The problem is that self.conv1 and self.conv_1[0] are the same Module. So it is effectively doing parameter sharing.
If you only use self.conv_1 then you can simply avoid defining the conv layer itself as an attribute of self by doing something like this (for all convs)
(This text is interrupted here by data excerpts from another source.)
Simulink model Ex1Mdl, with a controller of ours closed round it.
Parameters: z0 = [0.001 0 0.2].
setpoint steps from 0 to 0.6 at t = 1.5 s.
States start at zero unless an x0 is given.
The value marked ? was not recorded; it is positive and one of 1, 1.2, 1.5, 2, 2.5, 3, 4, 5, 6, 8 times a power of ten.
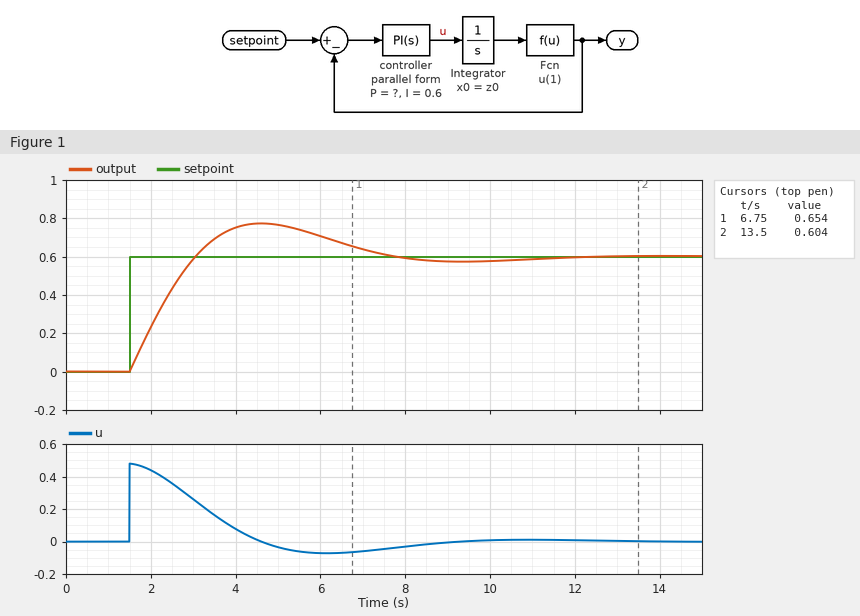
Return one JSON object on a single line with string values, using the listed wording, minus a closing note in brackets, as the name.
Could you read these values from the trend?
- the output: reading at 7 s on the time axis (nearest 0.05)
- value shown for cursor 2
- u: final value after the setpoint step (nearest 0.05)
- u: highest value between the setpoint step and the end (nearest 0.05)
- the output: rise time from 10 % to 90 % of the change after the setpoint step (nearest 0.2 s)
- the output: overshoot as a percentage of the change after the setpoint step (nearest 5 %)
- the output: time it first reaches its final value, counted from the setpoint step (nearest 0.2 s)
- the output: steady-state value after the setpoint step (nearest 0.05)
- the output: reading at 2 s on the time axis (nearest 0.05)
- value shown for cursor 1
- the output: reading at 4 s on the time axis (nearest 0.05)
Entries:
{"the output: reading at 7 s on the time axis": "0.65", "value shown for cursor 2": "0.604", "u: final value after the setpoint step": "0.00", "u: highest value between the setpoint step and the end": "0.50", "the output: rise time from 10 % to 90 % of the change after the setpoint step": "1.2 s", "the output: overshoot as a percentage of the change after the setpoint step": "30 %", "the output: time it first reaches its final value, counted from the setpoint step": "1.6 s", "the output: steady-state value after the setpoint step": "0.60", "the output: reading at 2 s on the time axis": "0.25", "value shown for cursor 1": "0.654", "the output: reading at 4 s on the time axis": "0.75"}
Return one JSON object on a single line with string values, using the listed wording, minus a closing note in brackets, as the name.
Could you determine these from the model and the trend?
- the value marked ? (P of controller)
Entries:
{"the value marked ?": "0.8"}
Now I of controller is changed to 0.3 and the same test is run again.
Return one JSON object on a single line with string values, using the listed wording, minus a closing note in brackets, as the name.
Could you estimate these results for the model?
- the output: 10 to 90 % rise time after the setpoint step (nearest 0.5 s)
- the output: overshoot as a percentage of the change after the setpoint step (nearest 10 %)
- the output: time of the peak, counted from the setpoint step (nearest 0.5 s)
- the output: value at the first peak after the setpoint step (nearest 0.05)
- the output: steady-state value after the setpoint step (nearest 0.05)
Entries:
{"the output: 10 to 90 % rise time after the setpoint step": "1.5 s", "the output: overshoot as a percentage of the change after the setpoint step": "20 %", "the output: time of the peak, counted from the setpoint step": "4.0 s", "the output: value at the first peak after the setpoint step": "0.70", "the output: steady-state value after the setpoint step": "0.60"}
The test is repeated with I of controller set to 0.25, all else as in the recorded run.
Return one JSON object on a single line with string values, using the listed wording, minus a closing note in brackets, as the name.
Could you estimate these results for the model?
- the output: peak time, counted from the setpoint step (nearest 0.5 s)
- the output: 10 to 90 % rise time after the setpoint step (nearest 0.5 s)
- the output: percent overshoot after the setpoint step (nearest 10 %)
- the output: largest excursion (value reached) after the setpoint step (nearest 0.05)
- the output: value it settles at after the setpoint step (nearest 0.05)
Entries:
{"the output: peak time, counted from the setpoint step": "4.5 s", "the output: 10 to 90 % rise time after the setpoint step": "1.5 s", "the output: percent overshoot after the setpoint step": "20 %", "the output: largest excursion (value reached) after the setpoint step": "0.70", "the output: value it settles at after the setpoint step": "0.60"}

# Note that the is no self. here!
conv1 = nn.Conv2d(self.in_channel, self.out_channel, 1, 1, 0, bias=False)
self.conv_1 = nn.Sequential(
            conv1,
            nn.BatchNorm2d(self.out_channel),
            nn.PReLU()
 )

AboMAd · October 9, 2020, 3:00am

Thank you very much for your swift reply. Indeed, that works and the number of parameters reduced by half!
Still, I have one question, what is better practicing when constructing a network architecture, using the sequence method in the constructor, or build it in the forward method?

Thanks,

albanD · October 9, 2020, 1:34pm

You should always build the Modules in the init. And use them in the forward.
Just make sure to save each Module only once though!